Dr Dansa Kourouma

Le Conseil National des Organisations de la Société Civile Guinéenne ne veut jouer aux manœuvres dilatoires. A travers son président Dr Dansa Kourouma, reçu ce mercredi, 18 septembre en compagnie de plusieurs autres responsables  à la primature, le CNOSCG  se démarque dans le cadre des consultations nationales.

Concernant  la date du 28 Décembre fixée par l’organe de gestion des élections en Guinée pour l’organisation des législatives, il ne voit pas un abus de pouvoir si tous les préalables sont  réunis.

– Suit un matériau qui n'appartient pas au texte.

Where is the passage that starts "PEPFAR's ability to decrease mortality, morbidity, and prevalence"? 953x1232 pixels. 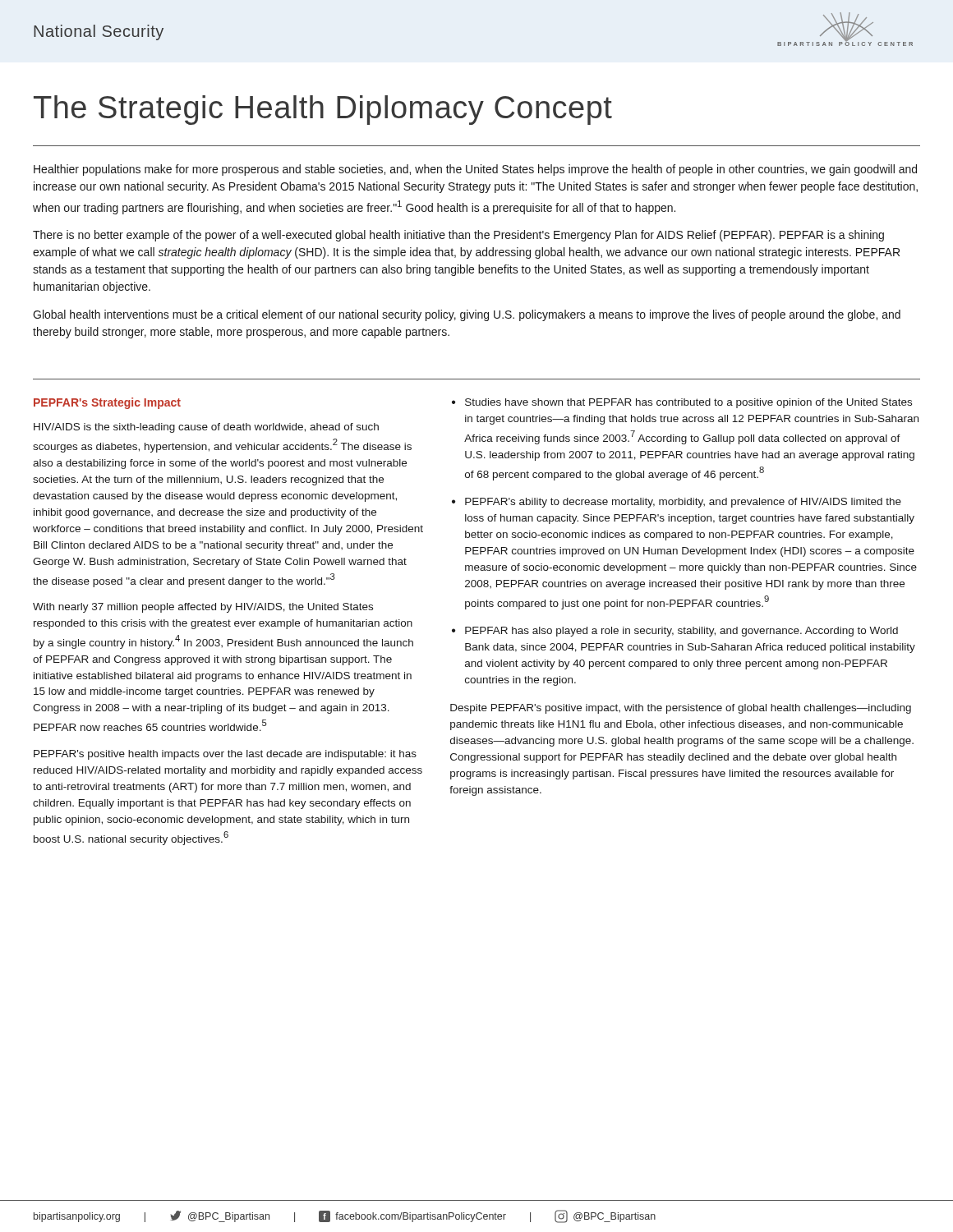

«La CENI est la seule institution compétente pour donner une indication de date des élections, aucune autre entité ne peut se substituer à cela. C’est la constitution qui définit cette prérogative. Mais elle doit s’assurer que toutes les conditions matérielles,  techniques et financières sont réunies pour organiser des élections libres, transparentes et inclusives. Elle est la seule institution qui peut se prononcer sur ses capacités techniques pour la tenue de la date.  Ce n’est pas un parti politique ou une société civile qui peut parler à la place de la CENI», a tranché Dr Dansa Kourouma.

De même rassure le président du CNOSCG, « on n’est pas excité par des questions de date pour l’organisation des élections législatives ». Nous l’avons demandé a-t-il rappelé, depuis le 16 avril et on le réitère, parce qu’il faut que l’Assemblée Nationale soit légitime pour discuter de certaines questions de la nation. 

Sur le projet du référendum constitutionnel,  il confie aux hommes de médias que la position de son organisation dépendra de la réponse que le gouvernement va donner à ces  questions : « en quoi est-ce que ces consultations sont représentatives de l’opinion du peuple de Guinée ? Qu’est-ce qu’on reproche à l’ancienne constitution et qui porte préjudice au fonctionnement normal des institutions de l’État ? Quelles sont les bases juridiques pour parler de la nouvelle constitution ? Quel sera l’impact du changement constitutionnel sur les conditions à la fois politique, sociale et économique de la Guinée ? Quelle est la procédure d’élaboration d’une nouvelle constitution quand l’ancienne est en vigueur ? »

 «  C’est la réponse aux préoccupations des membres du CNOSCG qui nous permettra de prendre une décision sereine et on ne peut pas se prononcer sur une constitution qu’on n’a pas vue », a-t-il conclu.